Wisconsin (18-0-0, 12-0-0-0 WCHA) also got an empty-net goal by Sarah Nurse.

“Your good players have to be good,” Johnson said. “Even the last minute, Emily Clark wins two key faceoffs and one ends up with an empty-netter. Those are little things that help you get ready for the second half of the season.”

Clark finished with two assists.

After scoring the winning goal in overtime the night before, Pankowski did her damage earlier on Saturday in front of another sellout crowd.

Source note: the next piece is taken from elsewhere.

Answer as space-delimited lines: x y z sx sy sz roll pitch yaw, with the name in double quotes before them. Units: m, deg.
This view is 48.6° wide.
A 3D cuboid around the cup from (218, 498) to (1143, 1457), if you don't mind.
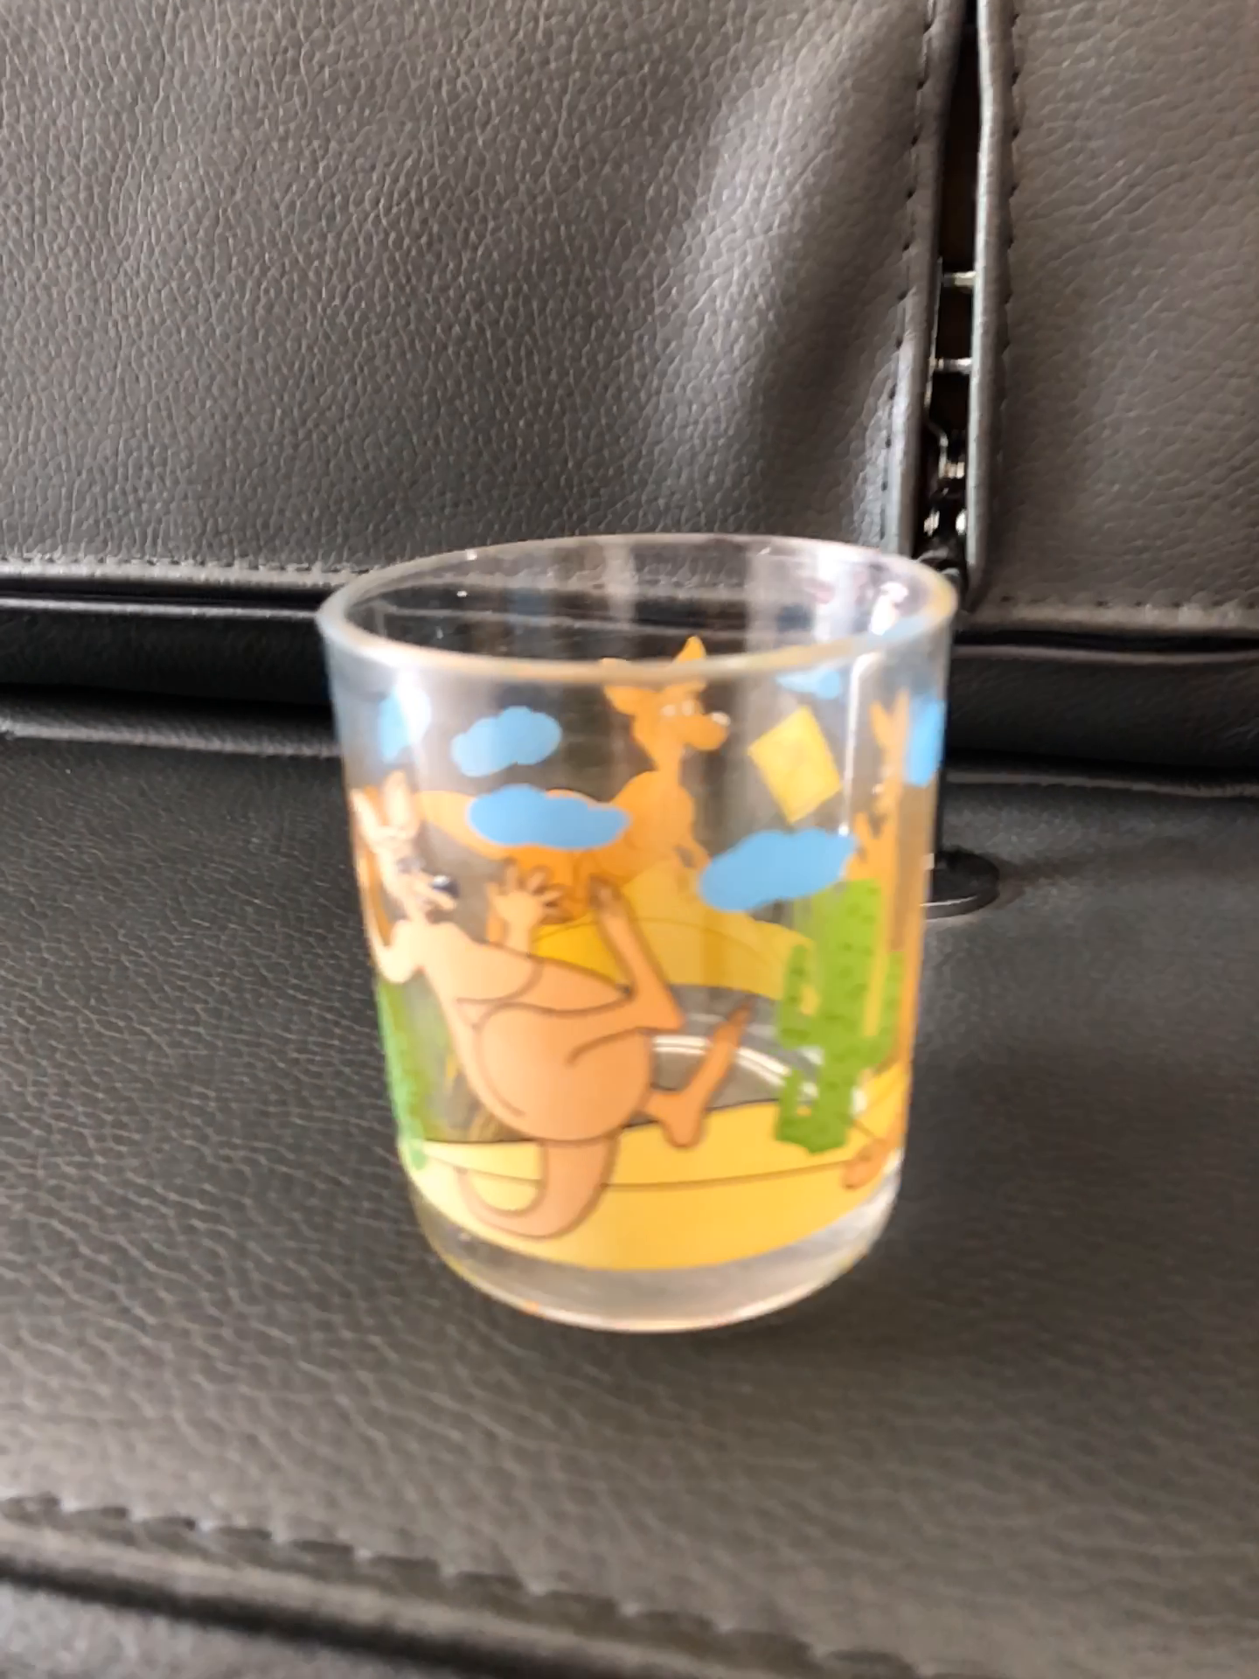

She took off down the length of the ice with a turnover, and although Minnesota had two defensemen back to challenge, they couldn’t prevent her from cutting to the crease and flipping a backhander by Amanda Leveille at 16:34 of the first period.

Pankowski doubled the lead a period and one second later with a forehand off a skate that deflected into the net.

“Her shot in the second period found a hole and found a lane and was a big lift going into the third period with a two-goal lead,” Johnson said.

The Gophers (15-3-0, 11-3-0-0 WCHA) managed to pull within a goal at 8:12 of the third period when Sarah Potomak followed her own shot and knocked in a rebound.

“We were kind of dead and buried there after two periods with the way we were playing, but to pick it up there in the third and get that one and really have some great chances down the stretch,” Frost said.

Minnesota pressed hard, but Desbiens prevented an equalizer.

“Their goaltender made some incredible saves,” Frost said.

The end result was back-to-back losses for the Gophers for the first time since the last two games of their 2010-11 season.

“As it I told our team, it doesn’t define us and who we are this weekend, but if we don’t learn from it, then that’s going to be a shame,” Frost said. “We’re going to take a lot out of this weekend, playing the top team in the country, and try and have a good weekend next weekend, and then get focused and ready for the second half.”

Minnesota concludes its 2015 on Friday night with the Hockey Hall of Fame game versus St. Cloud State in Roseville, Minn.

“We made a step forward, we made some progress, but again, you come back Monday, you get up at seven o’clock, you go lift weights, you come back to practice and get refocused, because we have a tough road trip up in Grand Forks next weekend,” Johnson said.